Amazon announced it is looking for a place to build its second headquarters in the U.S. The project is worth $5 billion, and it launched a bidding war among different states, hoping to secure the lucrative deal.
According to Channel News Asia, Amazon has received 238 pitches from different locations across North America. Thousands of jobs are expected to be created on top of the $5 billion investment from Amazon. Clearly, any state that will win the bid would be like hitting the jackpot in the lottery.
Of course, bidders will add extra incentives to sweeten their bid. Newark, New Jersey offers $7 billion in tax breaks, while Illinois and Chicago offer $2 billion in incentives such as state tax breaks and property tax discounts. Amazon revealed it wants its search for the next destination to be a public process. It added criteria such as places with over a million population and strong technical talent and a business-friendly environment which is close to an international airport and mass transit.

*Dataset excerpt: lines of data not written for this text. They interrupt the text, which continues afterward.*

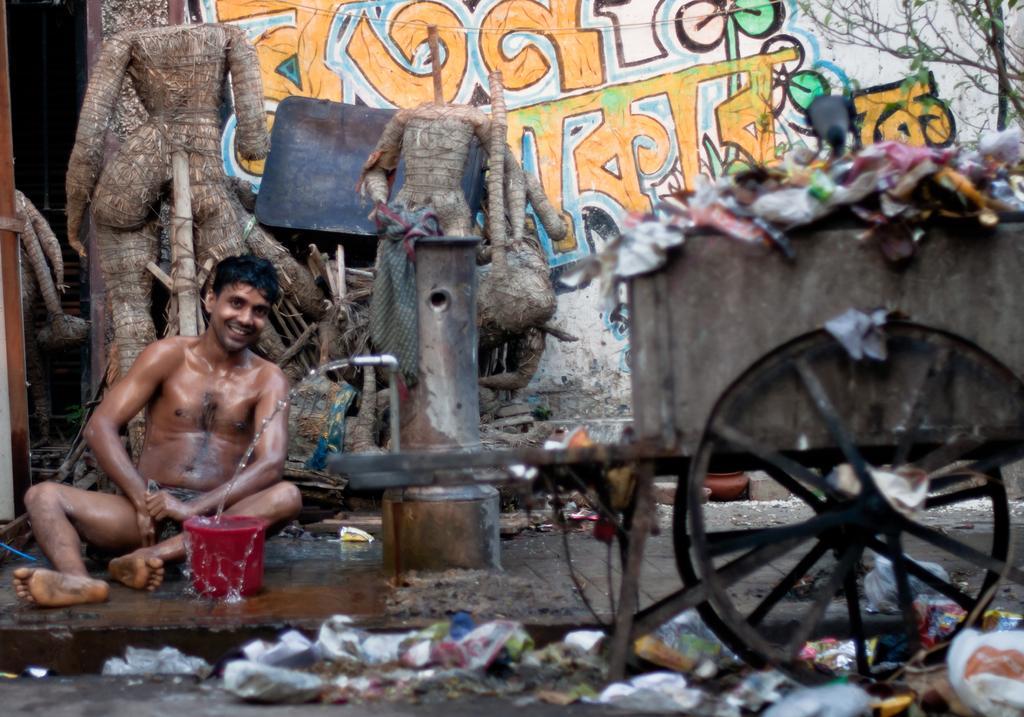In one or two sentences, can you explain what this image depicts? On the left side a man is doing bathing, this is the tap. On the right side there is a dustbin vehicle. 
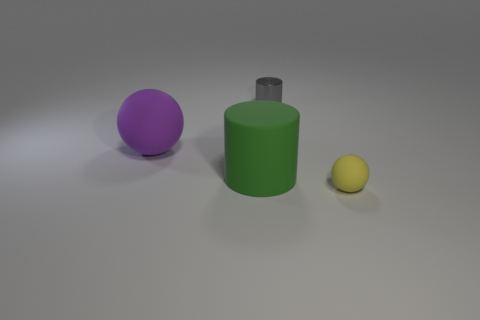Is there a yellow matte object?
Give a very brief answer. Yes. There is another object that is the same size as the purple object; what is its color?
Make the answer very short. Green. What number of green things are the same shape as the small gray thing?
Offer a very short reply. 1. Does the large object on the left side of the big green object have the same material as the big green cylinder?
Ensure brevity in your answer.  Yes. How many cubes are either big gray matte things or yellow matte objects?
Your answer should be compact. 0. There is a purple rubber thing that is behind the matte sphere on the right side of the rubber ball that is left of the yellow sphere; what is its shape?
Ensure brevity in your answer.  Sphere. How many yellow objects have the same size as the gray shiny object?
Provide a short and direct response. 1. Are there any purple things that are behind the rubber ball right of the tiny cylinder?
Ensure brevity in your answer.  Yes. How many objects are gray metal things or small yellow spheres?
Give a very brief answer. 2. What is the color of the ball that is right of the ball behind the ball that is in front of the purple ball?
Make the answer very short. Yellow. 
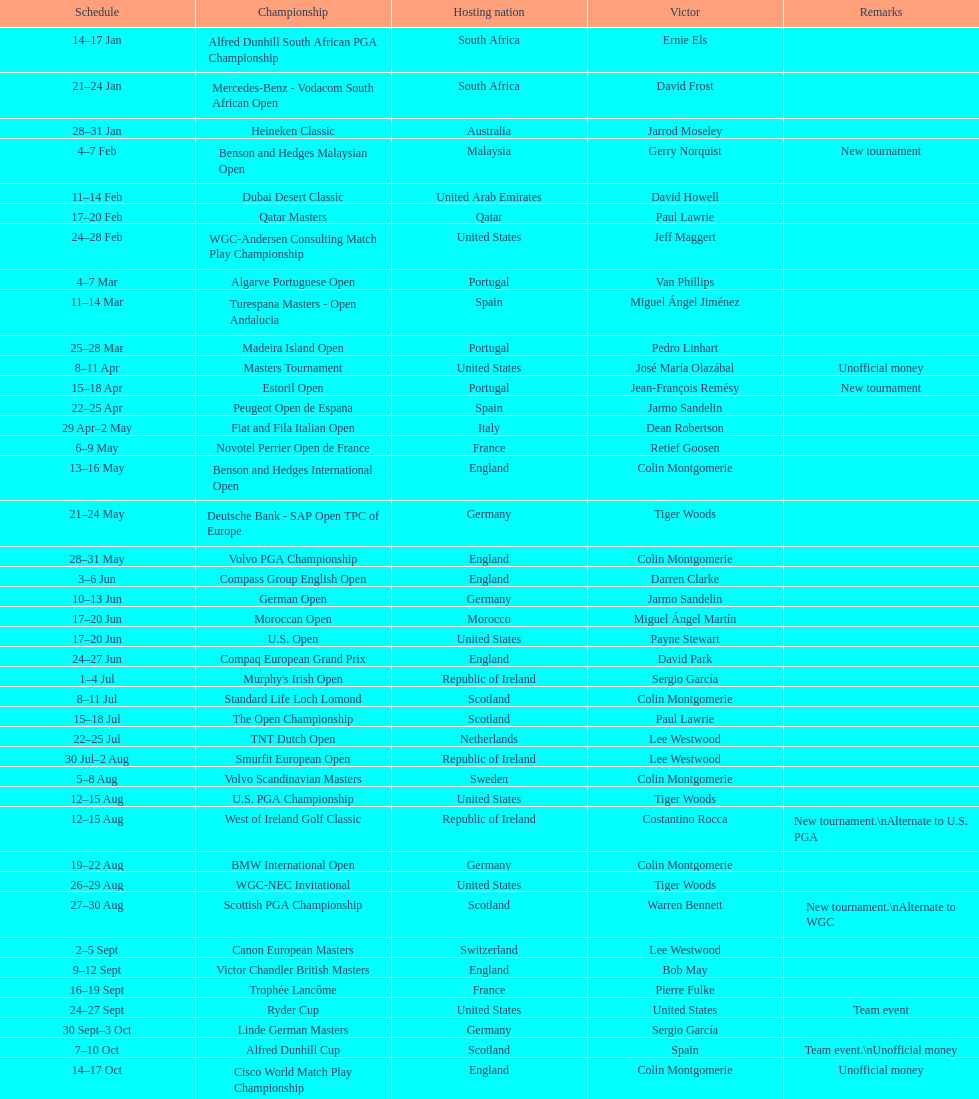Help me parse the entirety of this table. {'header': ['Schedule', 'Championship', 'Hosting nation', 'Victor', 'Remarks'], 'rows': [['14–17\xa0Jan', 'Alfred Dunhill South African PGA Championship', 'South Africa', 'Ernie Els', ''], ['21–24\xa0Jan', 'Mercedes-Benz - Vodacom South African Open', 'South Africa', 'David Frost', ''], ['28–31\xa0Jan', 'Heineken Classic', 'Australia', 'Jarrod Moseley', ''], ['4–7\xa0Feb', 'Benson and Hedges Malaysian Open', 'Malaysia', 'Gerry Norquist', 'New tournament'], ['11–14\xa0Feb', 'Dubai Desert Classic', 'United Arab Emirates', 'David Howell', ''], ['17–20\xa0Feb', 'Qatar Masters', 'Qatar', 'Paul Lawrie', ''], ['24–28\xa0Feb', 'WGC-Andersen Consulting Match Play Championship', 'United States', 'Jeff Maggert', ''], ['4–7\xa0Mar', 'Algarve Portuguese Open', 'Portugal', 'Van Phillips', ''], ['11–14\xa0Mar', 'Turespana Masters - Open Andalucia', 'Spain', 'Miguel Ángel Jiménez', ''], ['25–28\xa0Mar', 'Madeira Island Open', 'Portugal', 'Pedro Linhart', ''], ['8–11\xa0Apr', 'Masters Tournament', 'United States', 'José María Olazábal', 'Unofficial money'], ['15–18\xa0Apr', 'Estoril Open', 'Portugal', 'Jean-François Remésy', 'New tournament'], ['22–25\xa0Apr', 'Peugeot Open de Espana', 'Spain', 'Jarmo Sandelin', ''], ['29\xa0Apr–2\xa0May', 'Fiat and Fila Italian Open', 'Italy', 'Dean Robertson', ''], ['6–9\xa0May', 'Novotel Perrier Open de France', 'France', 'Retief Goosen', ''], ['13–16\xa0May', 'Benson and Hedges International Open', 'England', 'Colin Montgomerie', ''], ['21–24\xa0May', 'Deutsche Bank - SAP Open TPC of Europe', 'Germany', 'Tiger Woods', ''], ['28–31\xa0May', 'Volvo PGA Championship', 'England', 'Colin Montgomerie', ''], ['3–6\xa0Jun', 'Compass Group English Open', 'England', 'Darren Clarke', ''], ['10–13\xa0Jun', 'German Open', 'Germany', 'Jarmo Sandelin', ''], ['17–20\xa0Jun', 'Moroccan Open', 'Morocco', 'Miguel Ángel Martín', ''], ['17–20\xa0Jun', 'U.S. Open', 'United States', 'Payne Stewart', ''], ['24–27\xa0Jun', 'Compaq European Grand Prix', 'England', 'David Park', ''], ['1–4\xa0Jul', "Murphy's Irish Open", 'Republic of Ireland', 'Sergio García', ''], ['8–11\xa0Jul', 'Standard Life Loch Lomond', 'Scotland', 'Colin Montgomerie', ''], ['15–18\xa0Jul', 'The Open Championship', 'Scotland', 'Paul Lawrie', ''], ['22–25\xa0Jul', 'TNT Dutch Open', 'Netherlands', 'Lee Westwood', ''], ['30\xa0Jul–2\xa0Aug', 'Smurfit European Open', 'Republic of Ireland', 'Lee Westwood', ''], ['5–8\xa0Aug', 'Volvo Scandinavian Masters', 'Sweden', 'Colin Montgomerie', ''], ['12–15\xa0Aug', 'U.S. PGA Championship', 'United States', 'Tiger Woods', ''], ['12–15\xa0Aug', 'West of Ireland Golf Classic', 'Republic of Ireland', 'Costantino Rocca', 'New tournament.\\nAlternate to U.S. PGA'], ['19–22\xa0Aug', 'BMW International Open', 'Germany', 'Colin Montgomerie', ''], ['26–29\xa0Aug', 'WGC-NEC Invitational', 'United States', 'Tiger Woods', ''], ['27–30\xa0Aug', 'Scottish PGA Championship', 'Scotland', 'Warren Bennett', 'New tournament.\\nAlternate to WGC'], ['2–5\xa0Sept', 'Canon European Masters', 'Switzerland', 'Lee Westwood', ''], ['9–12\xa0Sept', 'Victor Chandler British Masters', 'England', 'Bob May', ''], ['16–19\xa0Sept', 'Trophée Lancôme', 'France', 'Pierre Fulke', ''], ['24–27\xa0Sept', 'Ryder Cup', 'United States', 'United States', 'Team event'], ['30\xa0Sept–3\xa0Oct', 'Linde German Masters', 'Germany', 'Sergio García', ''], ['7–10\xa0Oct', 'Alfred Dunhill Cup', 'Scotland', 'Spain', 'Team event.\\nUnofficial money'], ['14–17\xa0Oct', 'Cisco World Match Play Championship', 'England', 'Colin Montgomerie', 'Unofficial money'], ['14–17\xa0Oct', 'Sarazen World Open', 'Spain', 'Thomas Bjørn', 'New tournament'], ['21–24\xa0Oct', 'Belgacom Open', 'Belgium', 'Robert Karlsson', ''], ['28–31\xa0Oct', 'Volvo Masters', 'Spain', 'Miguel Ángel Jiménez', ''], ['4–7\xa0Nov', 'WGC-American Express Championship', 'Spain', 'Tiger Woods', ''], ['18–21\xa0Nov', 'World Cup of Golf', 'Malaysia', 'United States', 'Team event.\\nUnofficial money']]} Which winner won more tournaments, jeff maggert or tiger woods? Tiger Woods.

Just how lucrative Amazon’s second HQ is? A study by World Business Chicago revealed that it could generate $341 billion in spending in the next 17 years. This prompted Puerto Rico to submit its even though it is still reeling from the effects of Hurricane Maria. Awarding Puerto Rico the deal might be a little farfetched given that most of the island still has no electricity and infrastructures prove to be a challenge. Additionally, the population of Ceiba in Puerto Rico is only 13,000, which falls to one of the requirements of Amazon.
If Amazon wants to attract the best talents, Ontario, Toronto and Vancouver offer its immigration policy, which will make it easier for tech talents to join the Amazon workforce.
On the other hand, despite the richness and economic advantages Amazon’s second headquarters could bring, there are some states that are not interested in having it. Vermont, Arkansas, North Dakota, South Dakota, Hawaii, Wyoming, and Montana are the only states or regions in the U.S. that did not submit a bid for hosting the headquarters.
In reality, getting the nod for Amazon’s second HQ is not all positives. There could be some negatives, too. Local talents could suffer, especially if the STEM program in the city is not that desirable. Workers from various places will flood the city. There is also the potential problems in increased house prices and worsening traffic.
Moody’s Analytics claims their top picks are Austin, Atlanta, and Philadelphia, while Forbes suggests winner bidder could be Philadelphia. The New York Times bets on Denver, and Geekwire gives its vote to Toronto.
Urban Planning professor C.J. Gabbe says no one will be able to say to an Amazon headquarters. “Cities may be viewing this as a loss leader. Even if it’s a break-even proposition in the shorter term, they see it as an opportunity for more medium- and long-term economic development,” he added.
The Amazon Policy Twitter account gave a hint on the areas that have caught their attention so far. It has tweeted about or retweeted about Dallas, Washington D.C., Colorado and Massachusetts. Amazon said they will reveal the winning bidder next year.